The problem →
Below is a listing; restate from it, character for character, the lines beginning at the line holding "Click on the" and ending at the line holding "Task: Select the list", both included.

Supplied entries →
━━━━━━━━

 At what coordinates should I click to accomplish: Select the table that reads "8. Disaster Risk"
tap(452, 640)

━━━━━━━━

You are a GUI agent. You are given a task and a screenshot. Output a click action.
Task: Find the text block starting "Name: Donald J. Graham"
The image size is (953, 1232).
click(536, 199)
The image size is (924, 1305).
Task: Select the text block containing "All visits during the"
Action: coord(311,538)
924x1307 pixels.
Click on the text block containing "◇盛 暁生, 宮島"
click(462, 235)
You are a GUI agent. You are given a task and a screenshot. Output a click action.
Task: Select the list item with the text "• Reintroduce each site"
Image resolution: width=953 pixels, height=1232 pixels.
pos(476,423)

━━━━━━━━

Your solution →
Click on the text block containing "◇盛 暁生, 宮島"
click(462, 235)
You are a GUI agent. You are given a task and a screenshot. Output a click action.
Task: Select the list item with the text "• Reintroduce each site"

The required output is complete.